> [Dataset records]
[Start of section]

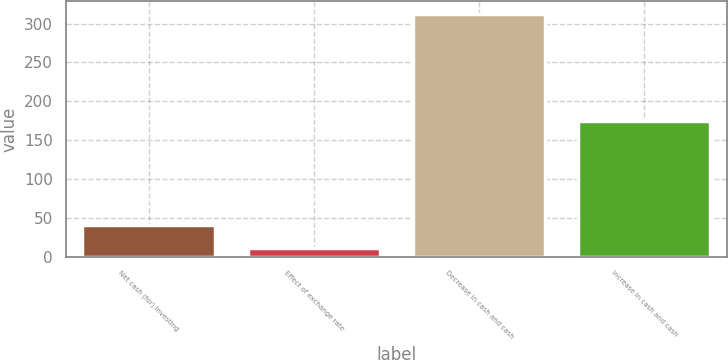Convert chart to OTSL. <chart><loc_0><loc_0><loc_500><loc_500><bar_chart><fcel>Net cash (for) investing<fcel>Effect of exchange rate<fcel>Decrease in cash and cash<fcel>Increase in cash and cash<nl><fcel>41.2<fcel>11<fcel>313<fcel>174<nl></chart> 
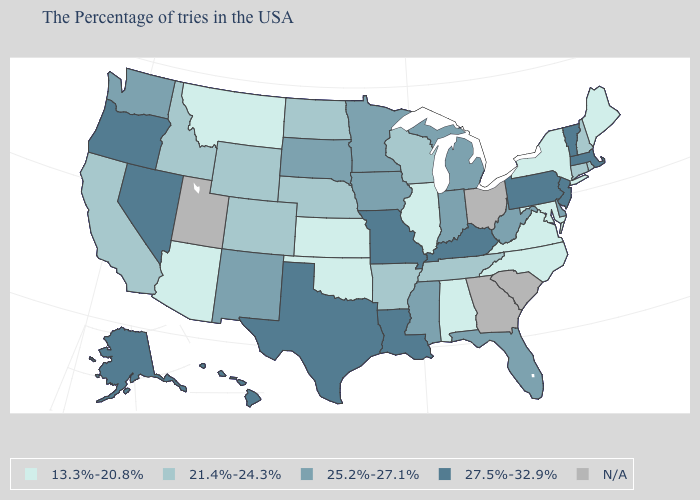Does Louisiana have the highest value in the South?
Write a very short answer. Yes. Name the states that have a value in the range 21.4%-24.3%?
Give a very brief answer. Rhode Island, New Hampshire, Connecticut, Tennessee, Wisconsin, Arkansas, Nebraska, North Dakota, Wyoming, Colorado, Idaho, California. What is the value of Nevada?
Answer briefly. 27.5%-32.9%. Which states have the lowest value in the South?
Concise answer only. Maryland, Virginia, North Carolina, Alabama, Oklahoma. What is the value of Connecticut?
Keep it brief. 21.4%-24.3%. What is the value of Arkansas?
Give a very brief answer. 21.4%-24.3%. What is the value of Washington?
Give a very brief answer. 25.2%-27.1%. What is the lowest value in the USA?
Answer briefly. 13.3%-20.8%. Name the states that have a value in the range 25.2%-27.1%?
Give a very brief answer. Delaware, West Virginia, Florida, Michigan, Indiana, Mississippi, Minnesota, Iowa, South Dakota, New Mexico, Washington. What is the value of Alaska?
Short answer required. 27.5%-32.9%. Does New York have the lowest value in the USA?
Concise answer only. Yes. What is the value of Louisiana?
Give a very brief answer. 27.5%-32.9%. Name the states that have a value in the range 27.5%-32.9%?
Be succinct. Massachusetts, Vermont, New Jersey, Pennsylvania, Kentucky, Louisiana, Missouri, Texas, Nevada, Oregon, Alaska, Hawaii. What is the lowest value in states that border Mississippi?
Short answer required. 13.3%-20.8%. Which states have the lowest value in the USA?
Short answer required. Maine, New York, Maryland, Virginia, North Carolina, Alabama, Illinois, Kansas, Oklahoma, Montana, Arizona. 
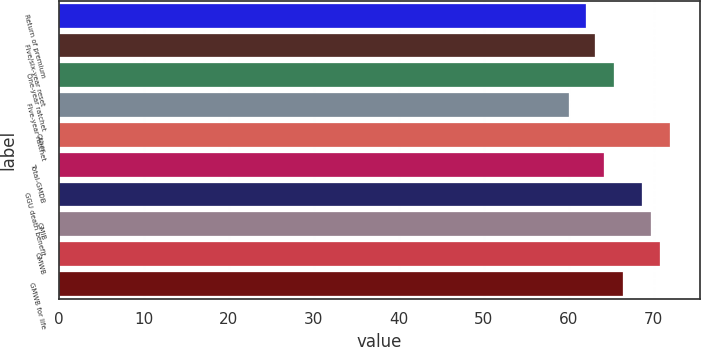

[End of section]

> [Exercise requirements] Print all the entries exactly as they appear, without the pictures.

> [Task response]
Convert chart to OTSL. <chart><loc_0><loc_0><loc_500><loc_500><bar_chart><fcel>Net cash (for) investing<fcel>Effect of exchange rate<fcel>Decrease in cash and cash<fcel>Increase in cash and cash<nl><fcel>41.2<fcel>11<fcel>313<fcel>174<nl></chart> 
Does Louisiana have the highest value in the South?
Write a very short answer. Yes. Name the states that have a value in the range 21.4%-24.3%?
Give a very brief answer. Rhode Island, New Hampshire, Connecticut, Tennessee, Wisconsin, Arkansas, Nebraska, North Dakota, Wyoming, Colorado, Idaho, California. What is the value of Nevada?
Answer briefly. 27.5%-32.9%. Which states have the lowest value in the South?
Concise answer only. Maryland, Virginia, North Carolina, Alabama, Oklahoma. What is the value of Connecticut?
Keep it brief. 21.4%-24.3%. What is the value of Arkansas?
Give a very brief answer. 21.4%-24.3%. What is the value of Washington?
Give a very brief answer. 25.2%-27.1%. What is the lowest value in the USA?
Answer briefly. 13.3%-20.8%. Name the states that have a value in the range 25.2%-27.1%?
Give a very brief answer. Delaware, West Virginia, Florida, Michigan, Indiana, Mississippi, Minnesota, Iowa, South Dakota, New Mexico, Washington. What is the value of Alaska?
Short answer required. 27.5%-32.9%. Does New York have the lowest value in the USA?
Concise answer only. Yes. What is the value of Louisiana?
Give a very brief answer. 27.5%-32.9%. Name the states that have a value in the range 27.5%-32.9%?
Be succinct. Massachusetts, Vermont, New Jersey, Pennsylvania, Kentucky, Louisiana, Missouri, Texas, Nevada, Oregon, Alaska, Hawaii. What is the lowest value in states that border Mississippi?
Short answer required. 13.3%-20.8%. Which states have the lowest value in the USA?
Short answer required. Maine, New York, Maryland, Virginia, North Carolina, Alabama, Illinois, Kansas, Oklahoma, Montana, Arizona. 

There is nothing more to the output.